(Beginning of Information given)
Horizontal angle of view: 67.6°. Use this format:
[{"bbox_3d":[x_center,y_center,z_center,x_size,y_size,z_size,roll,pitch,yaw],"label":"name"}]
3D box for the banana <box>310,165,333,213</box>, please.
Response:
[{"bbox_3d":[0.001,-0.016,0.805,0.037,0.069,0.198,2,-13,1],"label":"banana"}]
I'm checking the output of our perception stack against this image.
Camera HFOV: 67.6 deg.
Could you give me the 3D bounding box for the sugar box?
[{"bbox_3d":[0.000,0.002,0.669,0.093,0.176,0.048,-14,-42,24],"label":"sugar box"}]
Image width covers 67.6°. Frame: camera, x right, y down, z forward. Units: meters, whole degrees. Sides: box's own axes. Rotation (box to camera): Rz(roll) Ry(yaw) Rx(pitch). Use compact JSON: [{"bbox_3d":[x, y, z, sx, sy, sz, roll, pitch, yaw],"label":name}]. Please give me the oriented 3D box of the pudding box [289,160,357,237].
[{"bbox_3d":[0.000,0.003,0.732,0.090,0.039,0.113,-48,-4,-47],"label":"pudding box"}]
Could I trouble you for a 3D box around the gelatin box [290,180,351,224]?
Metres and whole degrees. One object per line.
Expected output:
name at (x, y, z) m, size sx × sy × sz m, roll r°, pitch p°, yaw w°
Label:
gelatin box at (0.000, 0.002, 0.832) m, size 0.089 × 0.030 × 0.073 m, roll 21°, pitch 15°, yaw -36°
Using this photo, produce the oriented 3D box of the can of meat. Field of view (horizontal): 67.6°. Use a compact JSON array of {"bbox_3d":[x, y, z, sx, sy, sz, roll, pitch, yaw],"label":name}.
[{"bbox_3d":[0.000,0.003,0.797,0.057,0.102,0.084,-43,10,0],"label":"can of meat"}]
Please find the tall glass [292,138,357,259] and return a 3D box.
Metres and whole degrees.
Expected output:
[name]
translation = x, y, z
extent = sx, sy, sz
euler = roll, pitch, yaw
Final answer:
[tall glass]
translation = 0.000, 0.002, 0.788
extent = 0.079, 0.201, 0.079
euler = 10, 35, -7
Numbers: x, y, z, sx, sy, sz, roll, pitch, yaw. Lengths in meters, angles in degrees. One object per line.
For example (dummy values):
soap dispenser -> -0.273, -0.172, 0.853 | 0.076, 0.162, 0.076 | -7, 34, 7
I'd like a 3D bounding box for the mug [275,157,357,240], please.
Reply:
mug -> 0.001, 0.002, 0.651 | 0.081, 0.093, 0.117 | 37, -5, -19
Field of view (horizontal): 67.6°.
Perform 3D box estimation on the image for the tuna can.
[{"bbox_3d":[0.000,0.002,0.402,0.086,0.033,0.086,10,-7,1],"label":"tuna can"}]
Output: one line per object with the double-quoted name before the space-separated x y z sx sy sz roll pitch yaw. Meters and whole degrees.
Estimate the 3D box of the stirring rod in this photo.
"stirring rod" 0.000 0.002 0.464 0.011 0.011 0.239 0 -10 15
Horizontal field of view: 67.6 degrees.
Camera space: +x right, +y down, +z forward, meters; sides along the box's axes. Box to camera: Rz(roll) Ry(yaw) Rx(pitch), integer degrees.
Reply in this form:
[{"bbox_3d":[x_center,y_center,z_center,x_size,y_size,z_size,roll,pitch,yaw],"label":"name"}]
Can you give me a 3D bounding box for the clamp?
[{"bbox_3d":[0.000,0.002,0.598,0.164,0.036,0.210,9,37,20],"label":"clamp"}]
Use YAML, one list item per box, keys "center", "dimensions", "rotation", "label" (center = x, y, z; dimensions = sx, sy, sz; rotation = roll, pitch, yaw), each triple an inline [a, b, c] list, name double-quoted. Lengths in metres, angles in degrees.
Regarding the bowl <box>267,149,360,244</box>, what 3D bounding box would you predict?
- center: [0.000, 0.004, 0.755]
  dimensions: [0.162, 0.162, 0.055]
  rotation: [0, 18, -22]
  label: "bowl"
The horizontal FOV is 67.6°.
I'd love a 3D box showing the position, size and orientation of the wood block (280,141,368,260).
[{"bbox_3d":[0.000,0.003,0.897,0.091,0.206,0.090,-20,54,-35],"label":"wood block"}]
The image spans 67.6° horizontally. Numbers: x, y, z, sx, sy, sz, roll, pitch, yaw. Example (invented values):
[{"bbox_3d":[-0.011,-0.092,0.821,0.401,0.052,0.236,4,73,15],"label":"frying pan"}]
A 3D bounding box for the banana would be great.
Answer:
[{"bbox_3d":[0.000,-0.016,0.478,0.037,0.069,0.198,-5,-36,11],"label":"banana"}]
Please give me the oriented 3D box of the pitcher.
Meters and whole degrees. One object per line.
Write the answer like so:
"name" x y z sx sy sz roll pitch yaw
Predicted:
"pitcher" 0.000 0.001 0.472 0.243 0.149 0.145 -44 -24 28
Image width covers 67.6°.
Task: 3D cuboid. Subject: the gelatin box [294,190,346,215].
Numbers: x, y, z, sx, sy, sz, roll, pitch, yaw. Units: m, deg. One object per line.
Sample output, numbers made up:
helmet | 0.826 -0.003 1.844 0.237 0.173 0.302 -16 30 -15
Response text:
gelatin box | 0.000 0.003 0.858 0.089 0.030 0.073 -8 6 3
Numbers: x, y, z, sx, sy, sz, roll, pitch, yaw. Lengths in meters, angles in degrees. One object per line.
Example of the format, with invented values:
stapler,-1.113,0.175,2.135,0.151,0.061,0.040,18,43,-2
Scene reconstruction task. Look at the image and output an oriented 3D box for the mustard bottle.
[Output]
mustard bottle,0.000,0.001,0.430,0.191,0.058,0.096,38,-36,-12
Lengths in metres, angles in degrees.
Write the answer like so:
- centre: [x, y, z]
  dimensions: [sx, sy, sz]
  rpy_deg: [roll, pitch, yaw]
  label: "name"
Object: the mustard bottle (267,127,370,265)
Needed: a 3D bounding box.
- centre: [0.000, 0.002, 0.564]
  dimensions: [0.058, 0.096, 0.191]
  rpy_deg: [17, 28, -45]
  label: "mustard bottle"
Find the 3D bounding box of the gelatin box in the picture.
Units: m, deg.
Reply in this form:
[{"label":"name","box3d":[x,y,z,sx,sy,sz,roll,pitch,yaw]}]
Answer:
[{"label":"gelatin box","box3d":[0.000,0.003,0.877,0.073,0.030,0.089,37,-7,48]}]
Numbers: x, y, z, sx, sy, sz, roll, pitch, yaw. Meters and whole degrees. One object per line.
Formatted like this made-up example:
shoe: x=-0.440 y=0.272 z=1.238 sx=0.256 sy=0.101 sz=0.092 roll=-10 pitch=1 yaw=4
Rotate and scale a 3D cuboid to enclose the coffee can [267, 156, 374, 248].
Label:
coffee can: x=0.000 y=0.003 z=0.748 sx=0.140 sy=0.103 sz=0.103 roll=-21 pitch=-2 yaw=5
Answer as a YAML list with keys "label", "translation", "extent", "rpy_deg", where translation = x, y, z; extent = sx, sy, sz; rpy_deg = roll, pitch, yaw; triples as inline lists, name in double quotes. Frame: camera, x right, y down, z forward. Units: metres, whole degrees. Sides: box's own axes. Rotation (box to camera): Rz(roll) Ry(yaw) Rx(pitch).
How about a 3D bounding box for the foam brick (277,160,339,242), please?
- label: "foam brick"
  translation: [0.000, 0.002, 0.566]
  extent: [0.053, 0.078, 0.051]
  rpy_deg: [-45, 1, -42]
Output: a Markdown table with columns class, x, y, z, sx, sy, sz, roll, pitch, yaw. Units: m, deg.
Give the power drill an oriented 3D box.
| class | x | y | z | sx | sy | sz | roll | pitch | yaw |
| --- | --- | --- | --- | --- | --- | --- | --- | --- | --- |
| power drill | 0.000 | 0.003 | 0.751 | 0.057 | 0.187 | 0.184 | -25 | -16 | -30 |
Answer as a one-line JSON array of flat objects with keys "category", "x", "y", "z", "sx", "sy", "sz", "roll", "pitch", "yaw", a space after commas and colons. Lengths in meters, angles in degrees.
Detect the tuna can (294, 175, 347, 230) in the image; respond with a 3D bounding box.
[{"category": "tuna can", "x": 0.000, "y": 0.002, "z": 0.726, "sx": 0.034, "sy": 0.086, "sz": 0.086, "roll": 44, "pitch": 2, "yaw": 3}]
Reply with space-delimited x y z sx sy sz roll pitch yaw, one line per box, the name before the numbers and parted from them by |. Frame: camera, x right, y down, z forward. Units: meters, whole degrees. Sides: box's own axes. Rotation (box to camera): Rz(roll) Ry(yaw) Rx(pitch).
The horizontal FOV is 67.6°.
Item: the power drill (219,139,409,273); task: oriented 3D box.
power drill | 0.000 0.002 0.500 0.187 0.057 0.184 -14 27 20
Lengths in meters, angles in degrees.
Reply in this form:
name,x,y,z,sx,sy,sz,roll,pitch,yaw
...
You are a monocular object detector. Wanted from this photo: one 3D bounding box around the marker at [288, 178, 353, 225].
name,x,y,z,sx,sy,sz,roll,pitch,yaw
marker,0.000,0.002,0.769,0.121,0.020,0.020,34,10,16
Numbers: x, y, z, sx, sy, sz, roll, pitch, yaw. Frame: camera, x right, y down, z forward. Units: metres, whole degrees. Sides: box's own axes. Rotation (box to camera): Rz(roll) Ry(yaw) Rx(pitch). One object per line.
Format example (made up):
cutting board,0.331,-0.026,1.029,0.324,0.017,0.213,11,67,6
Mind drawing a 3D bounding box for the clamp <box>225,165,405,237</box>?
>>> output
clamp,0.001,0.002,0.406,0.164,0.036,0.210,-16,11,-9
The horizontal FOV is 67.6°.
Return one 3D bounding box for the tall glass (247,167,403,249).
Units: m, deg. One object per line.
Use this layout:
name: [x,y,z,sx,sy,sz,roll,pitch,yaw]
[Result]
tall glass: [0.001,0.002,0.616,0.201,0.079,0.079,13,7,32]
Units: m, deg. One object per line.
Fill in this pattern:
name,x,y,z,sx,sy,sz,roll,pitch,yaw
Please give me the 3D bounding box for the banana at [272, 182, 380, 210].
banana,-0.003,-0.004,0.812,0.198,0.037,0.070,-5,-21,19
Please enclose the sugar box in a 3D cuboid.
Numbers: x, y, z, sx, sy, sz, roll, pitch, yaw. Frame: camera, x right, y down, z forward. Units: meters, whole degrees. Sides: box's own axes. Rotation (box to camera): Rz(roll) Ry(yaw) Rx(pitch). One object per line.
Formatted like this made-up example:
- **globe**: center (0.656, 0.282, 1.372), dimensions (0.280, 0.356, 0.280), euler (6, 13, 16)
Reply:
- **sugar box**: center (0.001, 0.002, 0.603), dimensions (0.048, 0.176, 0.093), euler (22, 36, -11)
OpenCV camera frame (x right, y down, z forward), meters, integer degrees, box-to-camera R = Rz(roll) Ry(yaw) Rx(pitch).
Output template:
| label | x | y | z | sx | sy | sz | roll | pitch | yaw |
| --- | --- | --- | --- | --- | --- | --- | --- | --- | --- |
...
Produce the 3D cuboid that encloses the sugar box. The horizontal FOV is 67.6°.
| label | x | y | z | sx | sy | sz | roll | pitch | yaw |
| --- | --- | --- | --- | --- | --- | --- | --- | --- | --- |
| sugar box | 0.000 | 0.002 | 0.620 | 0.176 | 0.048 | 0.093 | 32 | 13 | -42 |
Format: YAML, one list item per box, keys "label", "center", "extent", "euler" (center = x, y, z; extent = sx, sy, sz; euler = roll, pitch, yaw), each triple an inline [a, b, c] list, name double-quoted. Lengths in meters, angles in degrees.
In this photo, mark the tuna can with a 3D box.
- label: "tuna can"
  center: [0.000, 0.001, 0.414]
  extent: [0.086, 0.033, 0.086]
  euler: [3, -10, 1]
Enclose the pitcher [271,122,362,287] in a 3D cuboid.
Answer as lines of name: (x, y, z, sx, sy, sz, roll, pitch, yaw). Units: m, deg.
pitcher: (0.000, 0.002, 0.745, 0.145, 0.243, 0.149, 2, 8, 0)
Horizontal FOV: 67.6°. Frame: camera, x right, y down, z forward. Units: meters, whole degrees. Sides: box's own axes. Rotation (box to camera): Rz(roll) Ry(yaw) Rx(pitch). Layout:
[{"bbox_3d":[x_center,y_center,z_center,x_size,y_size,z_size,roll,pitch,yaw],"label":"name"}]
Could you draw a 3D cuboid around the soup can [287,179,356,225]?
(End of Information given)
◆ Exercise prompt
Copy, please, exactly the lines that start at the first line of the data and end at the line containing "Could I trouble", both kept and no others.

◆ Written solution
Horizontal angle of view: 67.6°. Use this format:
[{"bbox_3d":[x_center,y_center,z_center,x_size,y_size,z_size,roll,pitch,yaw],"label":"name"}]
3D box for the banana <box>310,165,333,213</box>, please.
Response:
[{"bbox_3d":[0.001,-0.016,0.805,0.037,0.069,0.198,2,-13,1],"label":"banana"}]
I'm checking the output of our perception stack against this image.
Camera HFOV: 67.6 deg.
Could you give me the 3D bounding box for the sugar box?
[{"bbox_3d":[0.000,0.002,0.669,0.093,0.176,0.048,-14,-42,24],"label":"sugar box"}]
Image width covers 67.6°. Frame: camera, x right, y down, z forward. Units: meters, whole degrees. Sides: box's own axes. Rotation (box to camera): Rz(roll) Ry(yaw) Rx(pitch). Use compact JSON: [{"bbox_3d":[x, y, z, sx, sy, sz, roll, pitch, yaw],"label":name}]. Please give me the oriented 3D box of the pudding box [289,160,357,237].
[{"bbox_3d":[0.000,0.003,0.732,0.090,0.039,0.113,-48,-4,-47],"label":"pudding box"}]
Could I trouble you for a 3D box around the gelatin box [290,180,351,224]?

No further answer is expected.